Alan Sepinwall of HitFix wrote, "Atlanta so far has been flexible enough to become whatever it wants from week to week, so it's not surprising that we would get an episode like 'Value', in which Earn and Alfred barely appear (and Darius is absent altogether) while the focus is on a misadventure of Van's. Still, it's impressive how satisfying the episode turned out to be, what a good job it did changing our impression of Van, and feeling very much of a piece with previous outings even though the guys were barely in it." Michael Arceneaux of Vulture gave the episode a 4 star rating out of 5 and wrote, "As Donald Glover has made clear, Atlanta doesn't go out of its way to offer grand statements about race or class.
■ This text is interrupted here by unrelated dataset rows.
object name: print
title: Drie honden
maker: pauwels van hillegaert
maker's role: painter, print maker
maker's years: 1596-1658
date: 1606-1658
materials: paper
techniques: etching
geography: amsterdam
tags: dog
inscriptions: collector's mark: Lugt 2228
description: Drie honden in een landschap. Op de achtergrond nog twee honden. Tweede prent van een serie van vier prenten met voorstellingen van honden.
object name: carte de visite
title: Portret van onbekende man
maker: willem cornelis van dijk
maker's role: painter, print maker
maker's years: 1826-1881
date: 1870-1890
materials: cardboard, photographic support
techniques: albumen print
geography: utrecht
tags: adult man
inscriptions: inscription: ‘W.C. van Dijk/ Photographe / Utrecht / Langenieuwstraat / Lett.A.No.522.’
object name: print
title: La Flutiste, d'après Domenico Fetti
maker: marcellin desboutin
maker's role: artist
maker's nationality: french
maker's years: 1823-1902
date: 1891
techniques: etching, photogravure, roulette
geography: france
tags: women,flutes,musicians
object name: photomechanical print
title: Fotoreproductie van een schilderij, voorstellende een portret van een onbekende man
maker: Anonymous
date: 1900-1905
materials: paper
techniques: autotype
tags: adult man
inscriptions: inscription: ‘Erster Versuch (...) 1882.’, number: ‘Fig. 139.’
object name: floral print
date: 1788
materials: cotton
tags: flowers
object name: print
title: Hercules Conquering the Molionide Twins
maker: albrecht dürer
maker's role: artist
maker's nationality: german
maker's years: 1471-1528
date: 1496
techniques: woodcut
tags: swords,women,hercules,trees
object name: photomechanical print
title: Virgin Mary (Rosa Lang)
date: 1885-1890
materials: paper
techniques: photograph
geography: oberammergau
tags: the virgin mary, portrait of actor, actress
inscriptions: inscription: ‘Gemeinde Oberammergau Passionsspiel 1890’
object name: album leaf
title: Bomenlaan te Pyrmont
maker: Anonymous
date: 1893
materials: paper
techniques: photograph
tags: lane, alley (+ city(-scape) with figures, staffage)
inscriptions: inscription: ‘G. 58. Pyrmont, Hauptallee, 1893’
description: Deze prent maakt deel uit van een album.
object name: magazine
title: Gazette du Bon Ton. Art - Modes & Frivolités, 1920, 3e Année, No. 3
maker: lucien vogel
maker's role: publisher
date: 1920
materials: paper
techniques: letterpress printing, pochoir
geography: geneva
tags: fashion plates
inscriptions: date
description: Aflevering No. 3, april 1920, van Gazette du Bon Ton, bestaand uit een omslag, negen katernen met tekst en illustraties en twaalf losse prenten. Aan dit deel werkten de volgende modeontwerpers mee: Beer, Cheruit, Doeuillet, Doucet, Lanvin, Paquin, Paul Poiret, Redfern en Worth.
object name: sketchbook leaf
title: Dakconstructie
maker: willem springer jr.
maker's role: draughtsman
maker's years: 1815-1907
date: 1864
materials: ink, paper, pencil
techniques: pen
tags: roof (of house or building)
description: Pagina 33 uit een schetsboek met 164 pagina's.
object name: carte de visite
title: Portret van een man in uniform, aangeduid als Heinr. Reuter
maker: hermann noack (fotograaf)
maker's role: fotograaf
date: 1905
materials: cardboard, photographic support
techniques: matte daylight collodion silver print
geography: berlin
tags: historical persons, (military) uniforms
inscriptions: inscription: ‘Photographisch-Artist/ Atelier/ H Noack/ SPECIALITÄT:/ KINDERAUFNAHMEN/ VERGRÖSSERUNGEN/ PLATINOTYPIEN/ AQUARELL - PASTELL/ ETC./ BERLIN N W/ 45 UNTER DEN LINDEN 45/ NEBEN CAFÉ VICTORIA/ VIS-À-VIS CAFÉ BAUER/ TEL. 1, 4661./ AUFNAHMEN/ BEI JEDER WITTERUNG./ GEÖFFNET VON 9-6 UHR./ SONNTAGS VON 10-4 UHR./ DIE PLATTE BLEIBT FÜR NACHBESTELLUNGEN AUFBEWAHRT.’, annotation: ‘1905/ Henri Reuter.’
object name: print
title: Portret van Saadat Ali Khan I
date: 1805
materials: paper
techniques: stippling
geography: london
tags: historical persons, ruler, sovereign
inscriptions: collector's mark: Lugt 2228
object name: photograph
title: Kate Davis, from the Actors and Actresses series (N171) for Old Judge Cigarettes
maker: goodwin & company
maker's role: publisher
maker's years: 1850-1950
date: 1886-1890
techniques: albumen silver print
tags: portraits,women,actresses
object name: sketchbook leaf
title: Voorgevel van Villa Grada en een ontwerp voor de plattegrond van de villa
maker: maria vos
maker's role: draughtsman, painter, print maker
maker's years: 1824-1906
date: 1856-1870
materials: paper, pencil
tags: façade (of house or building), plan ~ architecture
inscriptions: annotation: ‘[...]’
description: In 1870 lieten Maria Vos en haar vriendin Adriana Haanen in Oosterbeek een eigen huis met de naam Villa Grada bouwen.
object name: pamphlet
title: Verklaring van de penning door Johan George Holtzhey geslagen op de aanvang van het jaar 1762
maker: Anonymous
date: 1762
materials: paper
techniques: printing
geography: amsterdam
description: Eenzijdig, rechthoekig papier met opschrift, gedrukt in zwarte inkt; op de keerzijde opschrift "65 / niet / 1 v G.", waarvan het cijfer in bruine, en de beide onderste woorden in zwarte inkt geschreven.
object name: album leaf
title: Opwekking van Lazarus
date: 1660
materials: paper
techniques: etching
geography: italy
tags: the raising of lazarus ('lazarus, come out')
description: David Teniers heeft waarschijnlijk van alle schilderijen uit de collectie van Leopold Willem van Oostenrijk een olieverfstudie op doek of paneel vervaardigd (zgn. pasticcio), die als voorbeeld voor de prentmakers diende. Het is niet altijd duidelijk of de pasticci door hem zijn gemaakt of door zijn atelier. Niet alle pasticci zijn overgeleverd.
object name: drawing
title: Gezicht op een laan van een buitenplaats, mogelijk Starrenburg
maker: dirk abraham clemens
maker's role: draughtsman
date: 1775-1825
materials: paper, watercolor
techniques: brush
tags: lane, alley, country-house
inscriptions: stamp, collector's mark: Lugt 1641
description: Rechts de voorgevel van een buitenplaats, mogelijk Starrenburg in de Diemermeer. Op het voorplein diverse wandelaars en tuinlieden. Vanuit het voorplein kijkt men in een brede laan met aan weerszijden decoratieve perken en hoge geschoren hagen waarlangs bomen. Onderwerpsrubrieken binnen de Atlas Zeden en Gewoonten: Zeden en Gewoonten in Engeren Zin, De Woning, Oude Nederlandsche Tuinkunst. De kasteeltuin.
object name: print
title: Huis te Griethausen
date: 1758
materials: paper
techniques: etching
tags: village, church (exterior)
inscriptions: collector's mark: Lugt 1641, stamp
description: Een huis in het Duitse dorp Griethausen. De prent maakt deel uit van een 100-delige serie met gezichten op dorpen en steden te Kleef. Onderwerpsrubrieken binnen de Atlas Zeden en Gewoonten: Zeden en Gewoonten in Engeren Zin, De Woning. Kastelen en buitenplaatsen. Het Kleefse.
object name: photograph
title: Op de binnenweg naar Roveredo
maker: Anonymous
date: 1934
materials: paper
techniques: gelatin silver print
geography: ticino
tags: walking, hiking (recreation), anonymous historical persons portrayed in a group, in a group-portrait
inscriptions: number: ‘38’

Nevertheless, Van's ordeal in 'Value' tells an especially smart story about the burden of single mothers — especially black mothers who hold their families together. It's easy to understand why Van desires a night of release, and it's sad how quickly she gets punished for indulging such a momentary pleasure."

Michael Snydel of Paste wrote, "After last week's entertaining but shallow dive into media perception and the politics of how to conduct oneself as a celebrity, this week's episode is comparatively much smaller. Throwing away the two/three story system of the last few weeks, it's a single well-constructed, funny, and effortlessly smart story about Van, a character who’s previously been pushed into the background." Grant Ridner of PopMatters gave the episode an 8 out of 10 rating and wrote, "With 'Value', we finally get a long-awaited Van-centric episode, and Zazie Beetz carries the weight of the arc effortlessly."